= Dionysodorus =

Ancient Greek mathematician (c. 250 BC – 190 BC)

Dionysodorus of Caunus (Διονυσόδωρος ὁ Καύνειος, c. 250 BC – c. 190 BC) was an ancient Greek mathematician.

== Life and work ==
Little is known about the life of Dionysodorus. Pliny the Elder writes about a Dionysodorus who measured the Earth's circumference, however he is probably the one from Melos and different both from the one from Caunus and from Dionysodorus of Amisene; Strabo differentiates between the latter two mathematicians.

Dionysodorus is remembered for solving the cubic equation by means of the intersection of a rectangular hyperbola and a parabola. Eutocius credits Dionysodorus with the method of cutting a sphere into a given ratio, as described by him. Heron mentions a work by Dionysauras entitled On the Tore, in which the volume of a torus is calculated and found to be equal to the area of the generating circle multiplied by the circumference of the circle created by tracing the center of the generating circle as it rotates about the torus's axis of revolution. Dionysodorus used Archimedes' methods to prove this result.

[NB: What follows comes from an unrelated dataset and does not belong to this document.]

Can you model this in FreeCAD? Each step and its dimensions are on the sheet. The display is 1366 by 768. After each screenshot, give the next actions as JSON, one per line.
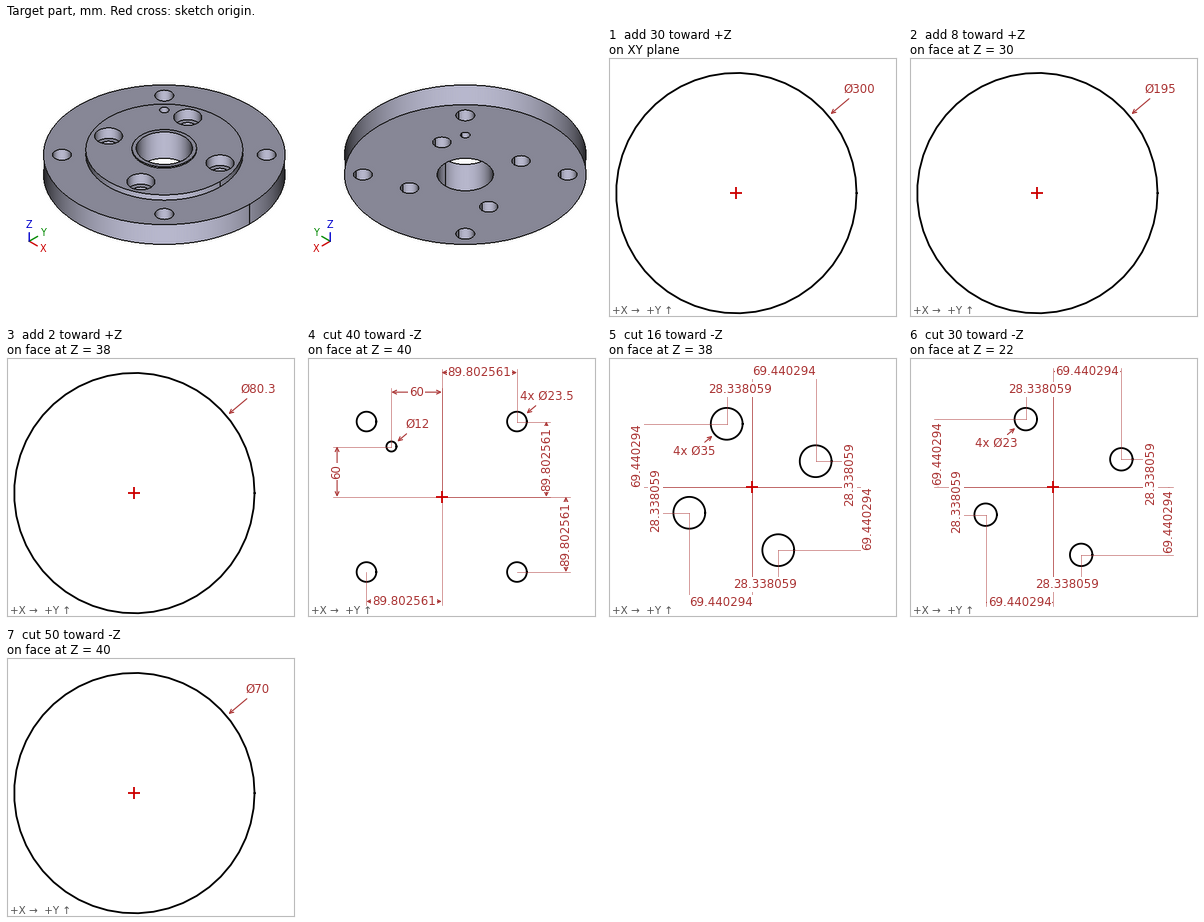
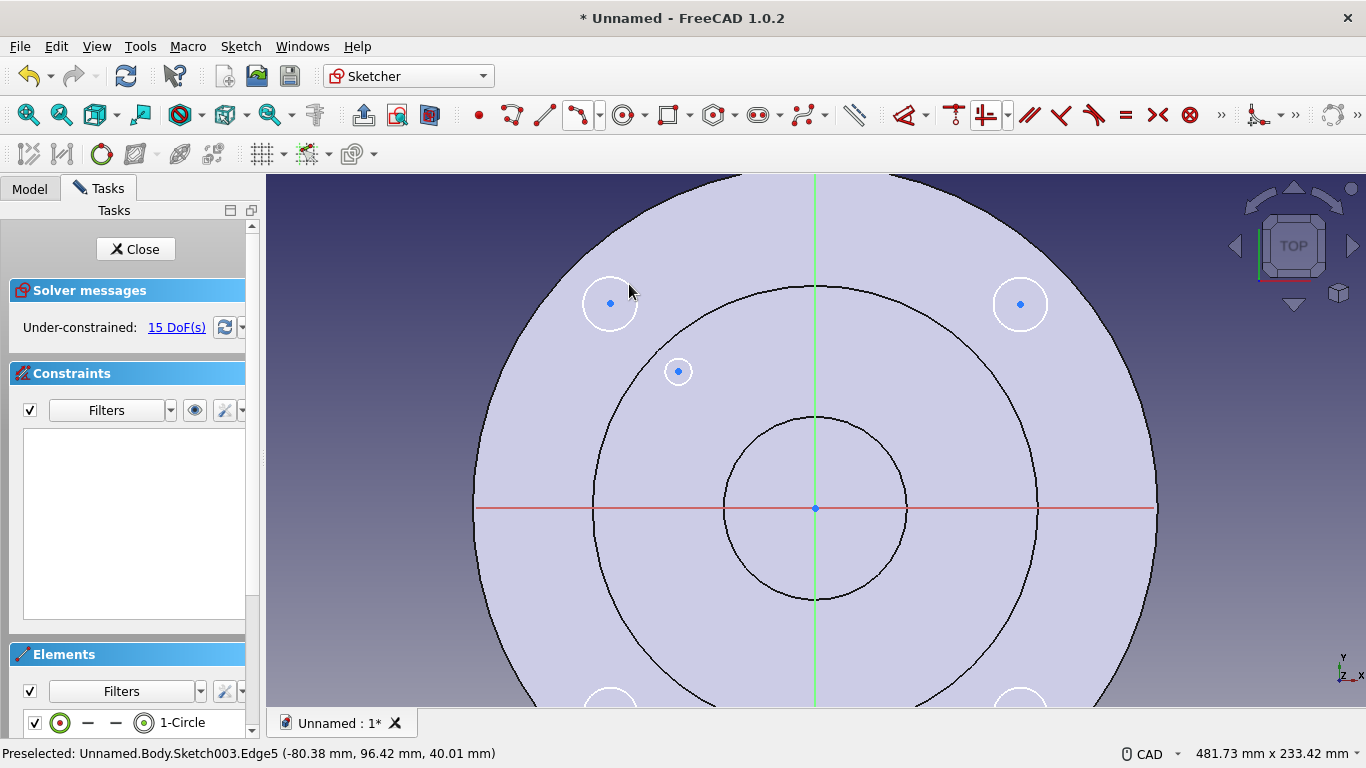
{"action": "left_click", "coordinate": [1039, 285]}

It is also likely that this Dionysodorus was the inventor of a conical sundial. Pliny's mentioning tells of an inscription placed on his tomb, addressed to the world above, stating that he had been to the centre of the Earth and found it 42 thousand stadia distant. Pliny calls this a striking instance of Greek vanity; but this figure compares well with the modern measurement.